La mujer dice algo en creole y se le acercan dos extranjeros. Le echan un vistazo a las bolsitas de pimienta y parten al instante, hablando el idioma de los habitantes del otro lado de la isla. Desaparecen en la madeja creciente de haitianos y automóviles. Es raro verlos por aquí, el tráfico es tan intenso que los pocos que llegan a la capital apenas se arriesgan a remontar los muelles y el puerto. La joven observa sus pies, las chancletas, el piso. El borde de su saya floreada está sucio de tanto andar. Vuelve a pensar en los extranjeros, que para entonces sortean con agilidad de gatos los atropellos y arbitrariedades de los choferes, intentando remontar las calles hacia la montaña. Van y miran todos los productos, husmean, se fijan en cada detalle de la gente. No son colonizadores, ni estudiosos, ni observadores internacionales. Simplemente son extranjeros, y cuando ven algo duro, real, fuera de la televisión, como un niño desnudo caminando sobre la basura, la culpa les retuerce el estómago. En su caminata, andar ya de tenis negros y ropas empercudidas, reflexionan sobre las ventajas que tiene su lejana tierra fértil y menos pobre.
La imagen de los dos jóvenes se va apagando y la haitiana regresa a su sitio, entre el bullicio de las ventas. Su silueta es la de una madre multiplicada, la reina pródiga y cansada de Port au Prince, en cuyo regazo descansan los sentimientos de miles de mujeres. Las pisadas de los guerreros aún sobreviven pegadas al polvo y el amor lo ponen ellas, convencidas de que en tierra de niños raquíticos es difícil conservar los montes de la divinidad.
Se levanta y va hacia un rincón. Flexiona las rodillas. De las carnes oscuras de su interior brota un líquido amarillo que perturba la marea de los charcos. En respuesta, el olor asciende como un velo que cubre los cabellos y las pestañas de los caminantes.
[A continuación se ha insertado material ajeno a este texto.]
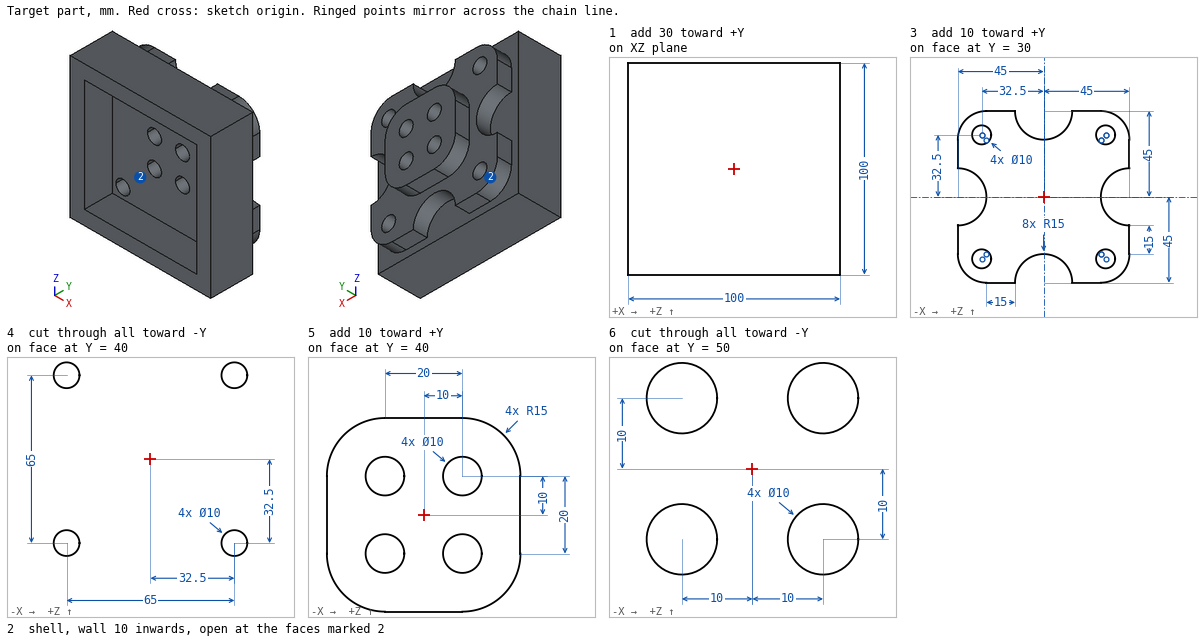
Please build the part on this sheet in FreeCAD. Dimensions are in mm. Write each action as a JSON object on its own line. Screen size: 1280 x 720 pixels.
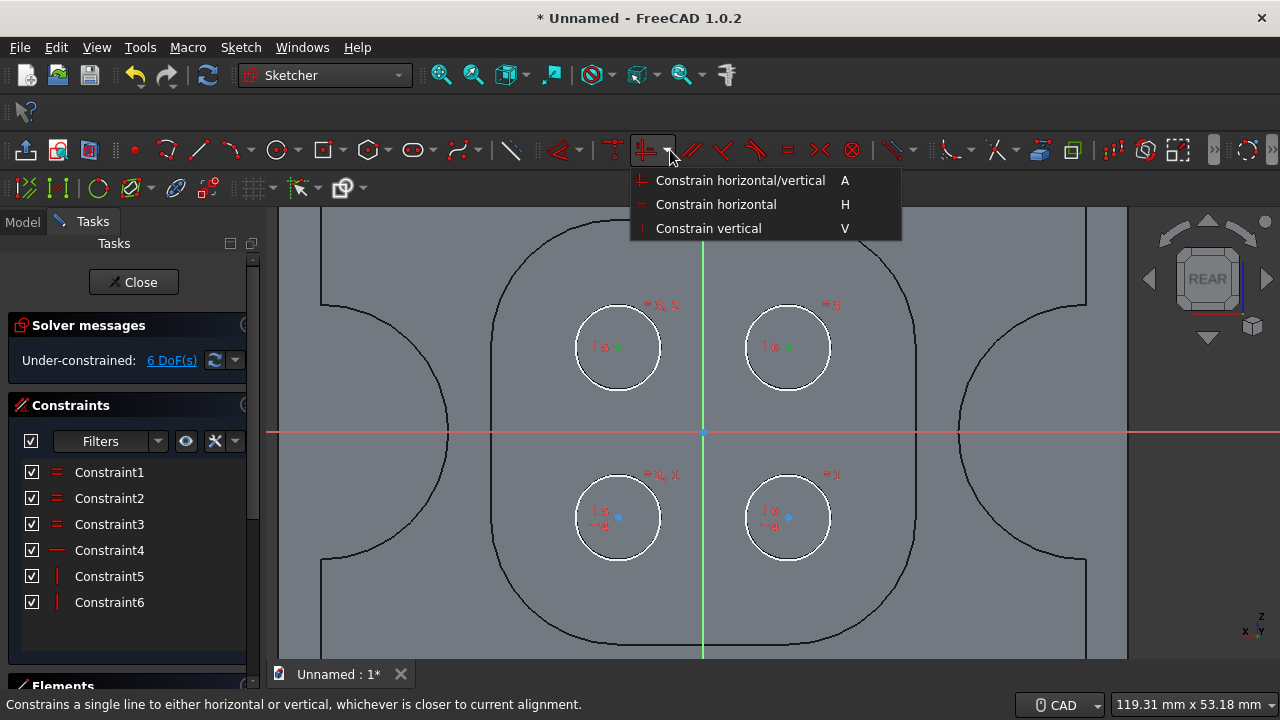
{"action": "left_click", "coordinate": [766, 204]}
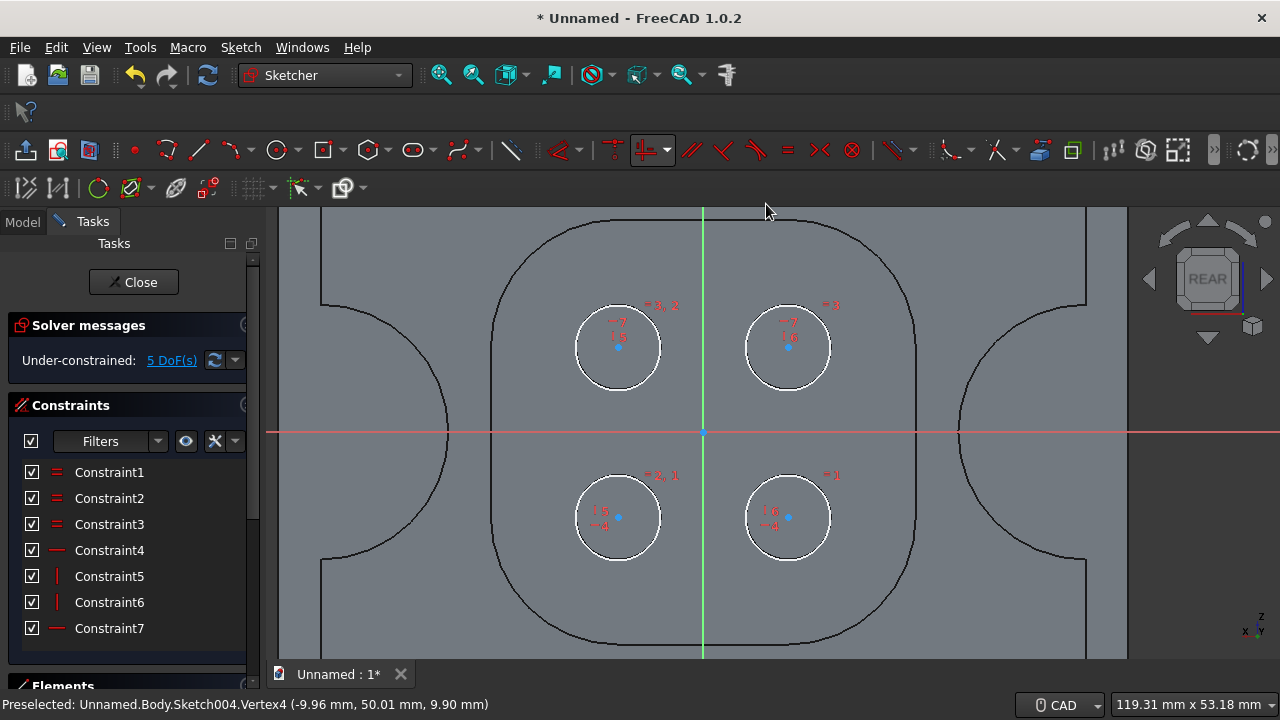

Ya a media tarde la mujer decide marchar hacia el centro. Apenas si percibe el ligero peso que ha quitado de su cabeza con la venta de los jugos. Cientos de mujeres se cruzan en su camino y una vez más cree en los espejismos. Soy yo misma, dice, y de repente vislumbra un camión de carga.
Una joven canta y su voz de terciopelo arremolinado se funde con el amasijo sonoro de la brigada. El murmullo revolotea sobre las cabezas y atrae a hombres de incrédula escucha. Las notas de la canción llegan hasta la mujer como una mariposa de recuerdos. Ella también está allí, y bajo la falda camaleónica de las muchachas ve los músculos firmes y brillosos que una vez fueron suyos. En cuestión de segundos recupera las fuerzas. Se siente deseada y la aborda el placer irrefrenable de querer cambiar las cosas en poco tiempo. Mira alrededor y vuelve a ver a los jóvenes extranjeros. Uno de ellos, boquiabierto, extrae una cámara fotográfica. El otro contempla los movimientos y el sonido sincopado de las princesas del camión. Entonces ella se vuelve. Nadie la ve, pero no importa. Aun sabiendo que puede ser en vano, grita con todas sus fuerzas: “¡La canción no tiene nada que ver! ¡No tiene nada que ver con la cerveza que cargan!”